DATA EXTRACTS:
....

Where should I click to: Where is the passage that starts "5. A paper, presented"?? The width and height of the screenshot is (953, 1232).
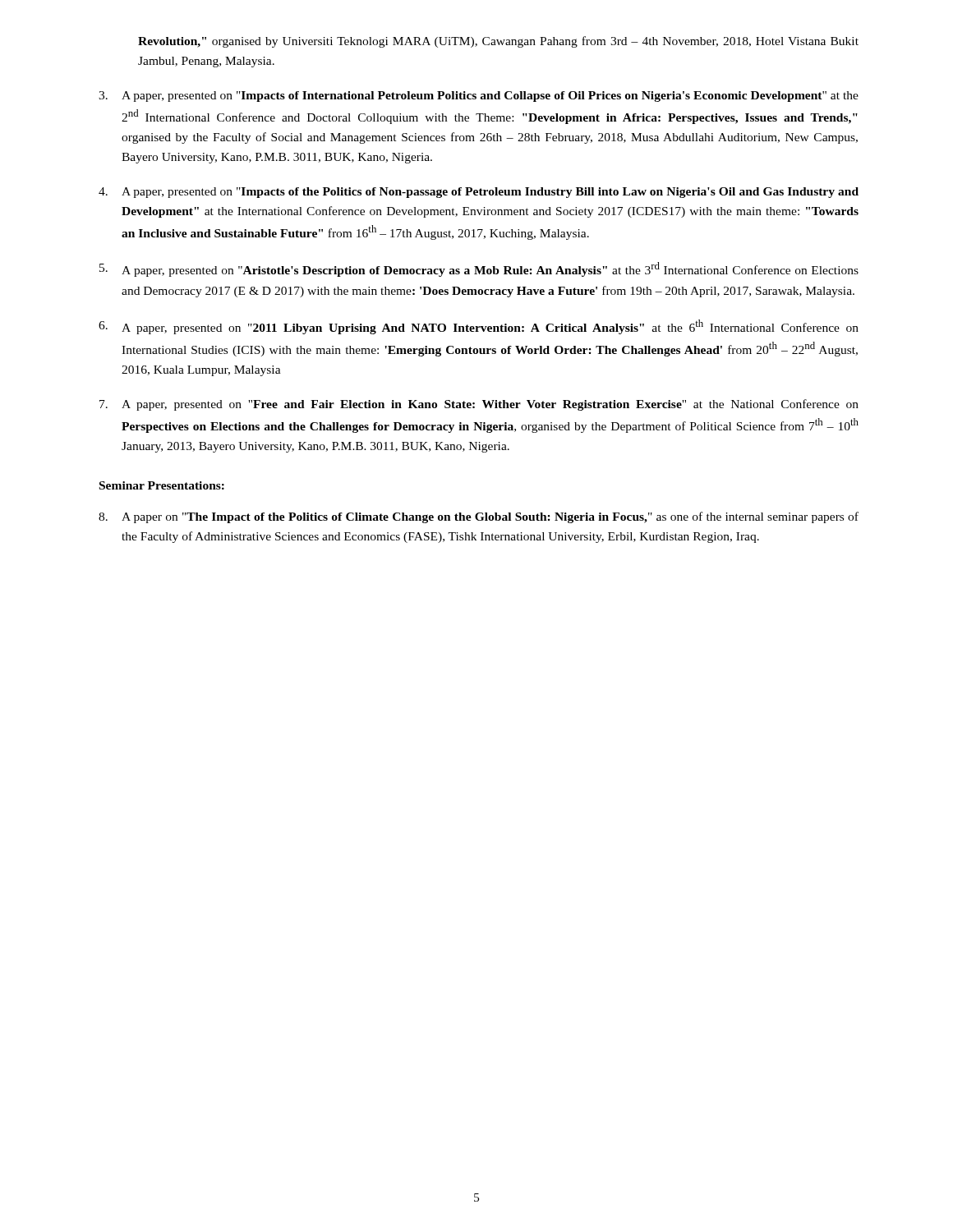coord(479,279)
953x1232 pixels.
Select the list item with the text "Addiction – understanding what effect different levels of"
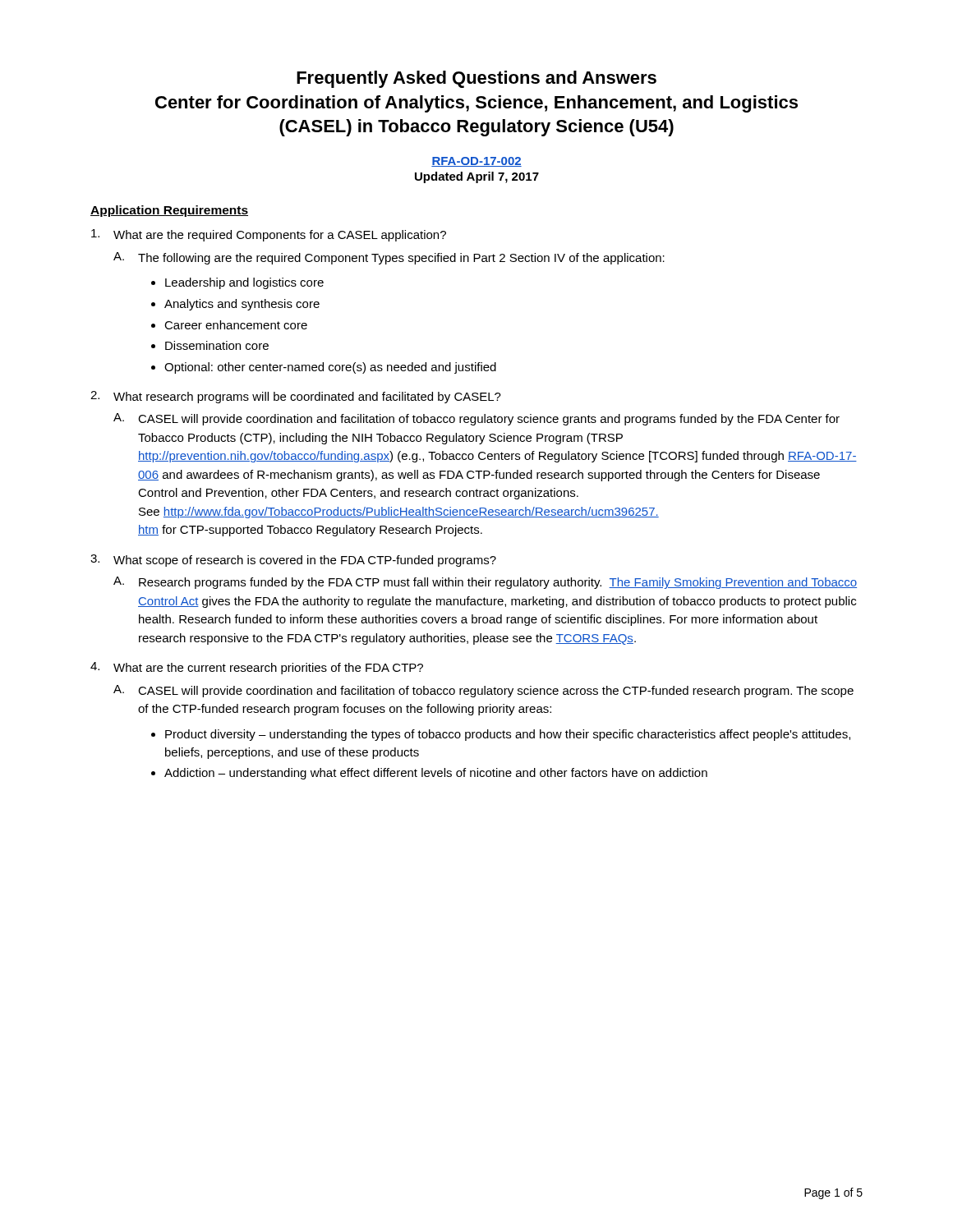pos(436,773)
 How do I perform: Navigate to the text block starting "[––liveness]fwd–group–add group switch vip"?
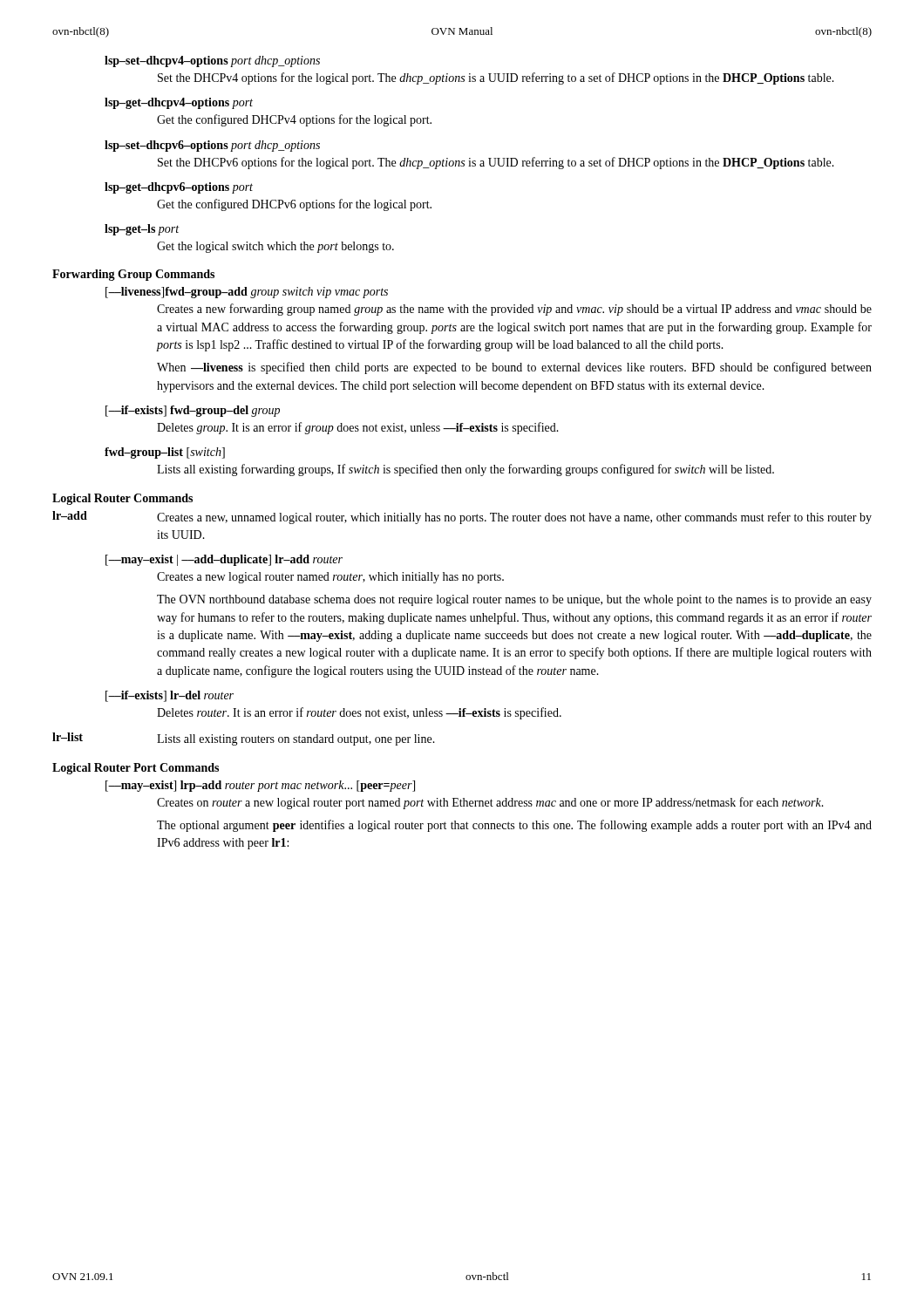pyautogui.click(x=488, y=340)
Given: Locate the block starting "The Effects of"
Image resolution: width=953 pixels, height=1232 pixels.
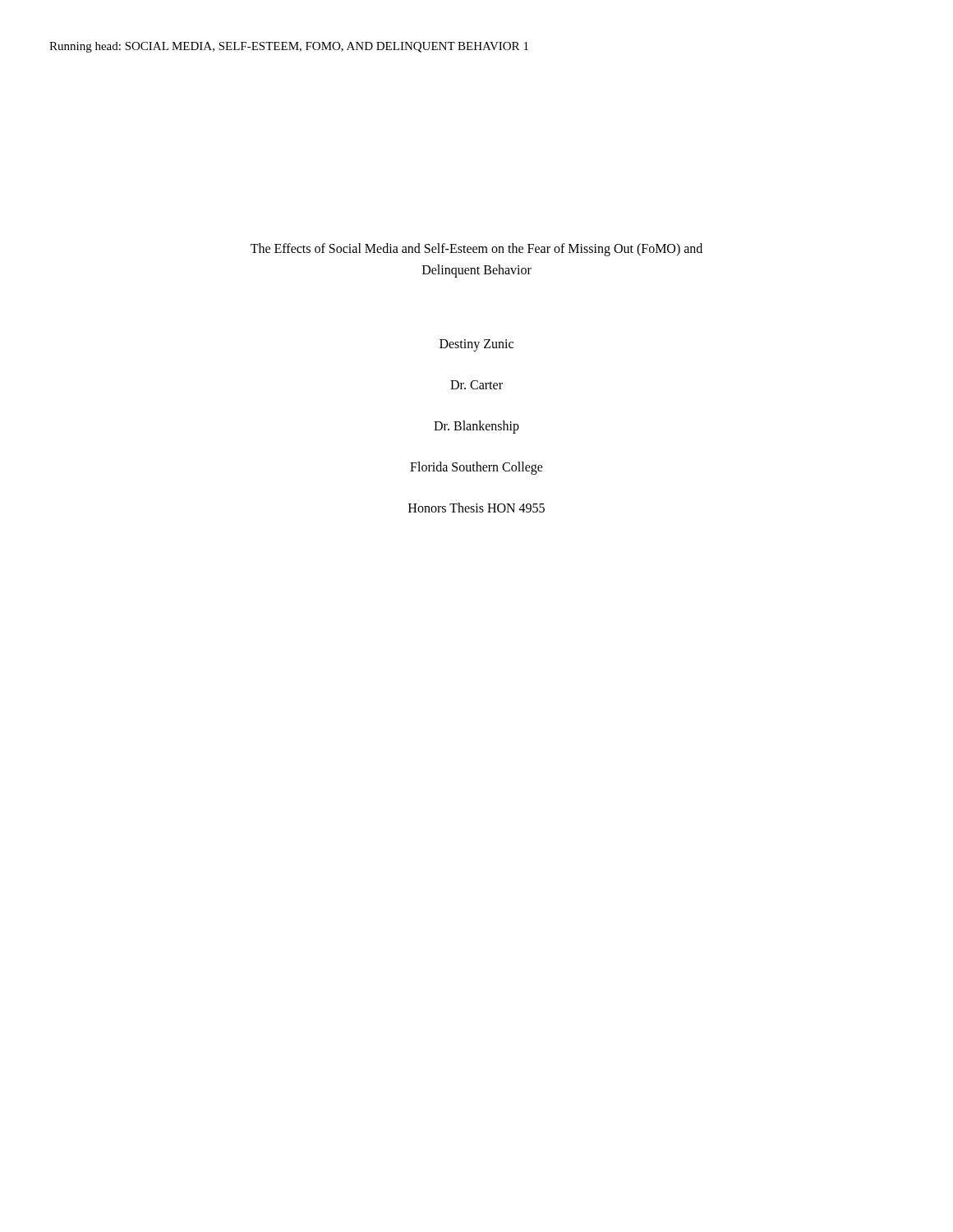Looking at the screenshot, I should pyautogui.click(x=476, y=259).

....

ASSIGNMENT:
The lines to retype begin with the one containing "953x1232 pixels." and end with the last line of the records. Reproduce them exactly and omit the pictures.

ANSWER SECTION:
953x1232 pixels.
Select the list item with the text "Addiction – understanding what effect different levels of"
pos(436,773)
 How do I perform: Navigate to the text block starting "[––liveness]fwd–group–add group switch vip"?
pyautogui.click(x=488, y=340)
Given: Locate the block starting "The Effects of"
Image resolution: width=953 pixels, height=1232 pixels.
Looking at the screenshot, I should pyautogui.click(x=476, y=259).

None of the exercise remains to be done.